Collected data entries -
========================
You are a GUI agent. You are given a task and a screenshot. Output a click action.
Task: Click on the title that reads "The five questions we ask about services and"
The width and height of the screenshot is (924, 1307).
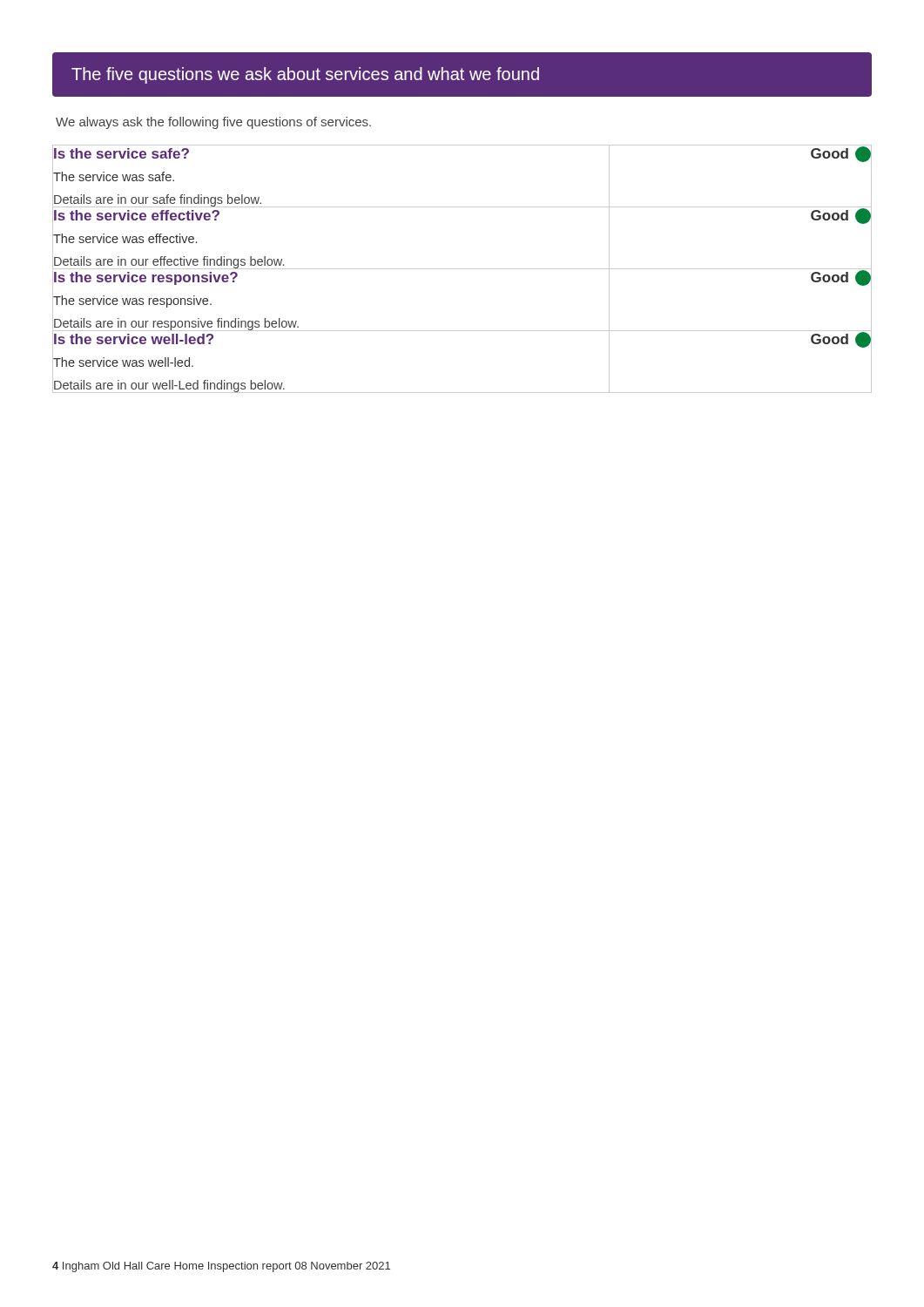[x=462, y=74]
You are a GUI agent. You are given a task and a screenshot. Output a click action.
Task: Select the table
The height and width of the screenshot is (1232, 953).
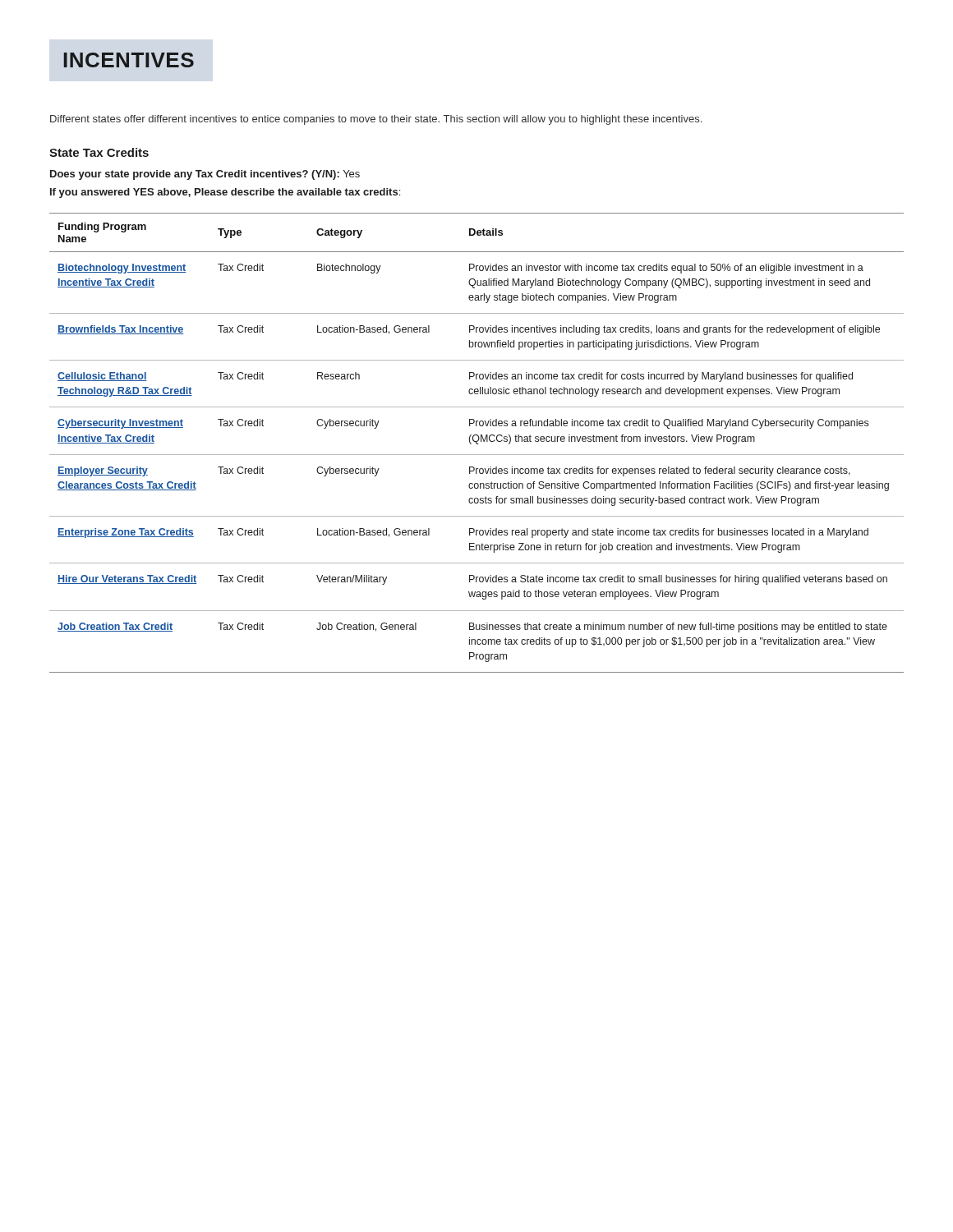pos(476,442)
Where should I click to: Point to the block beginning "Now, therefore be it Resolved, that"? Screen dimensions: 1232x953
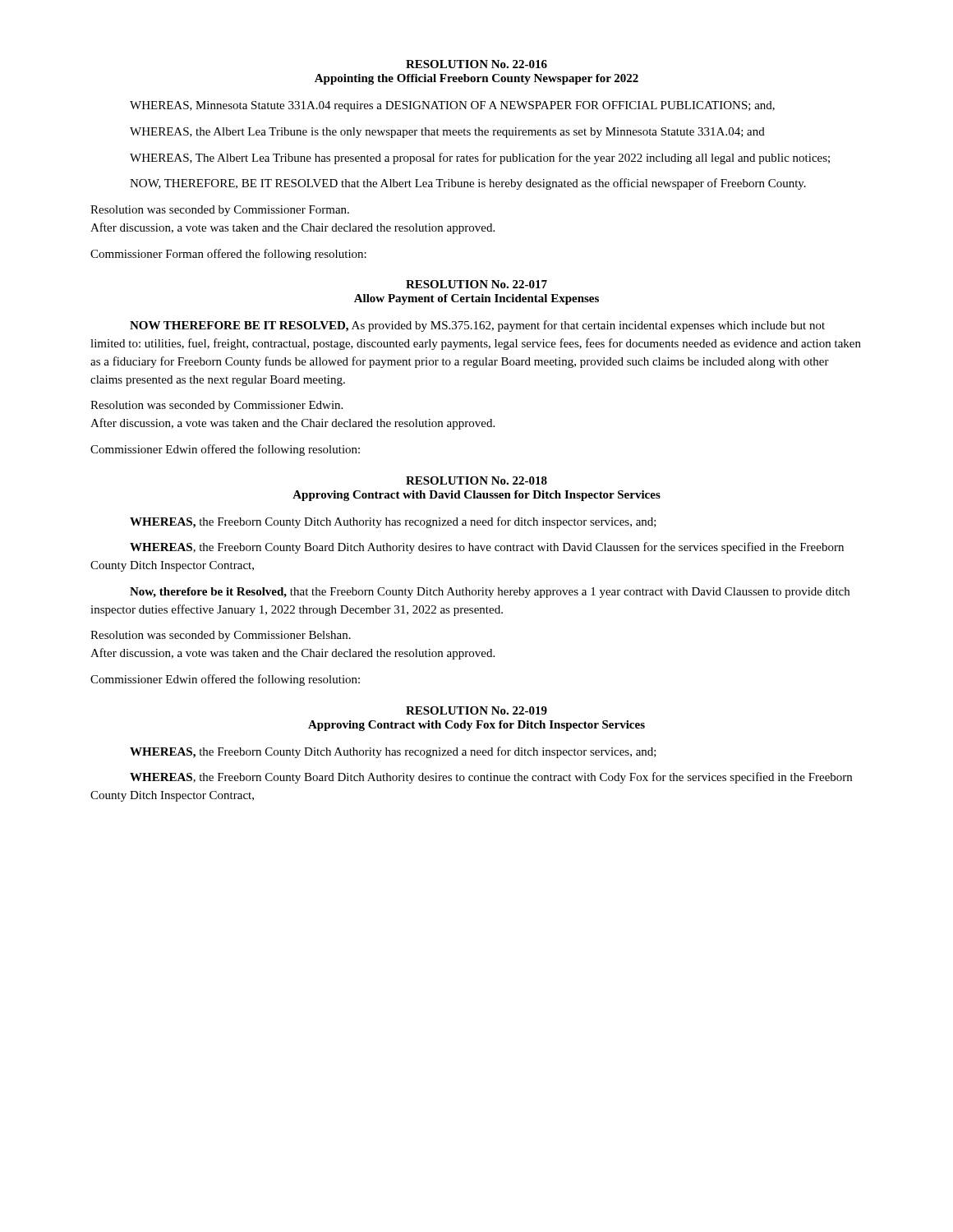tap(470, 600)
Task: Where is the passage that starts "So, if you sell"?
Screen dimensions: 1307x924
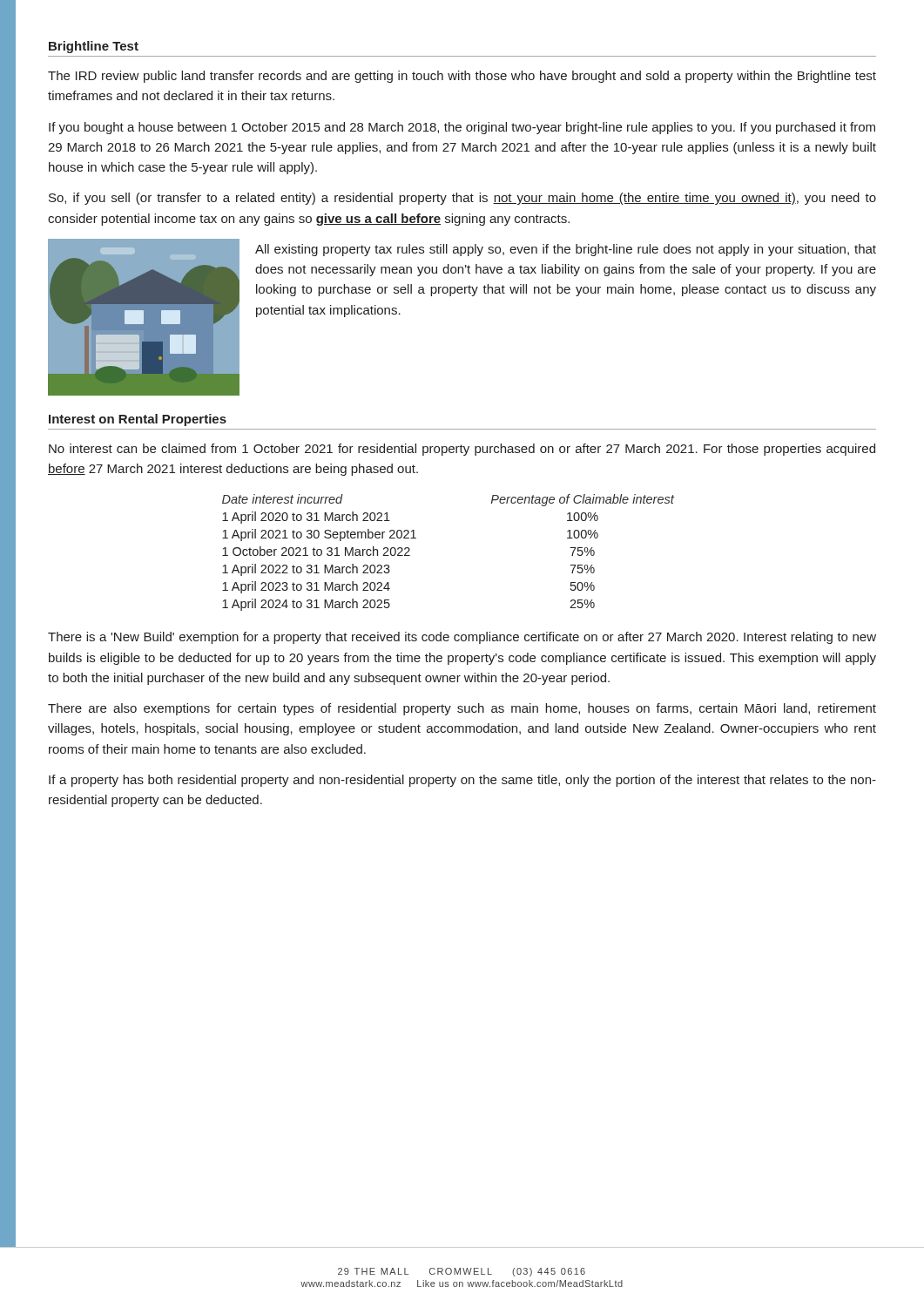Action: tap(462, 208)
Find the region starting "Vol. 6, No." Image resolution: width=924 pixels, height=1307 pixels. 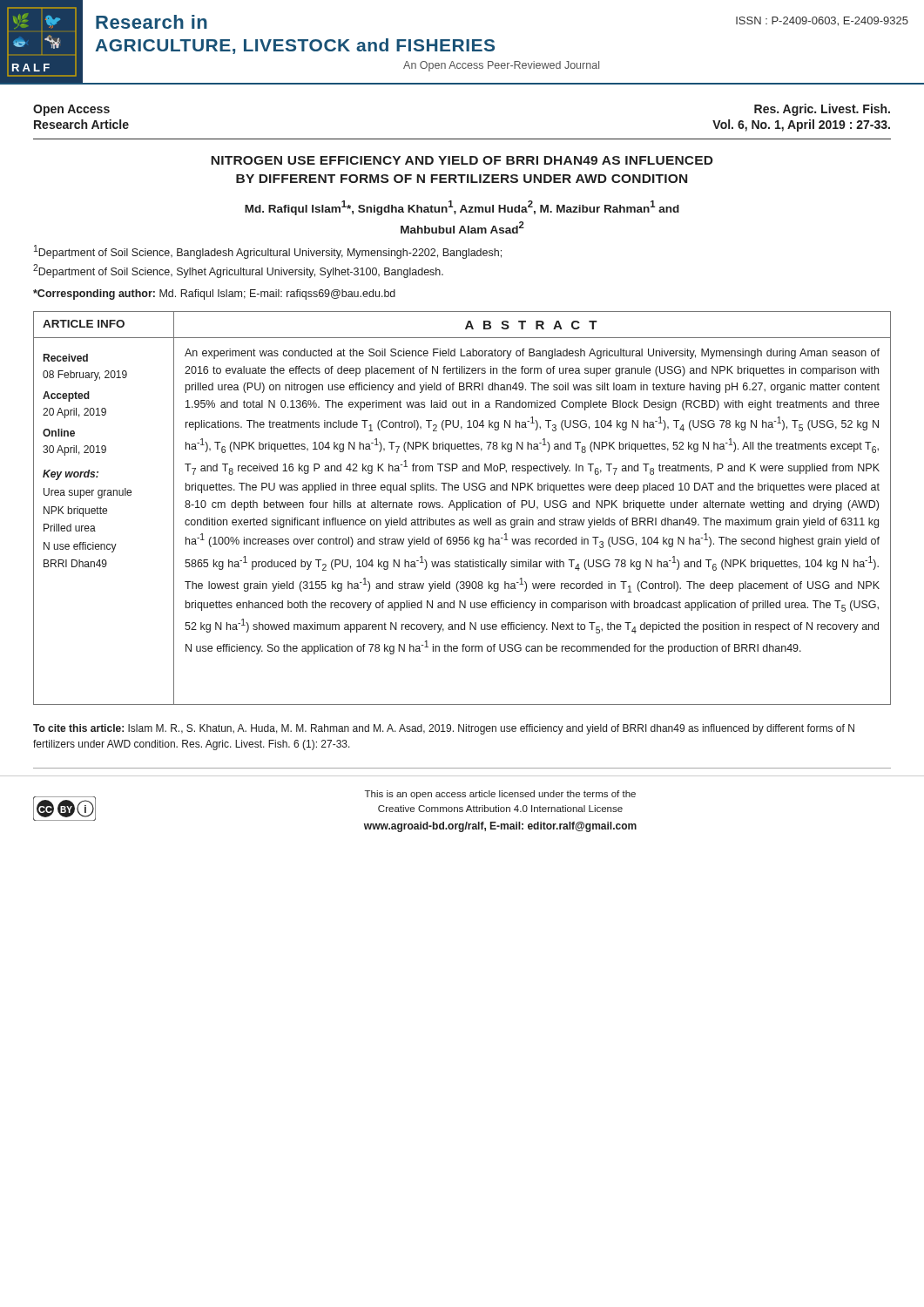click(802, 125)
========================
Task directions -
The response must match the data line for line, from its first line through the line with "Task: Select the table", inclusive, and must leave out the pictures.

Task response -
You are a GUI agent. You are given a task and a screenshot. Output a click action.
Task: Click on the title that reads "The five questions we ask about services and"
The width and height of the screenshot is (924, 1307).
[x=462, y=74]
You are a GUI agent. You are given a task and a screenshot. Output a click action.
Task: Select the table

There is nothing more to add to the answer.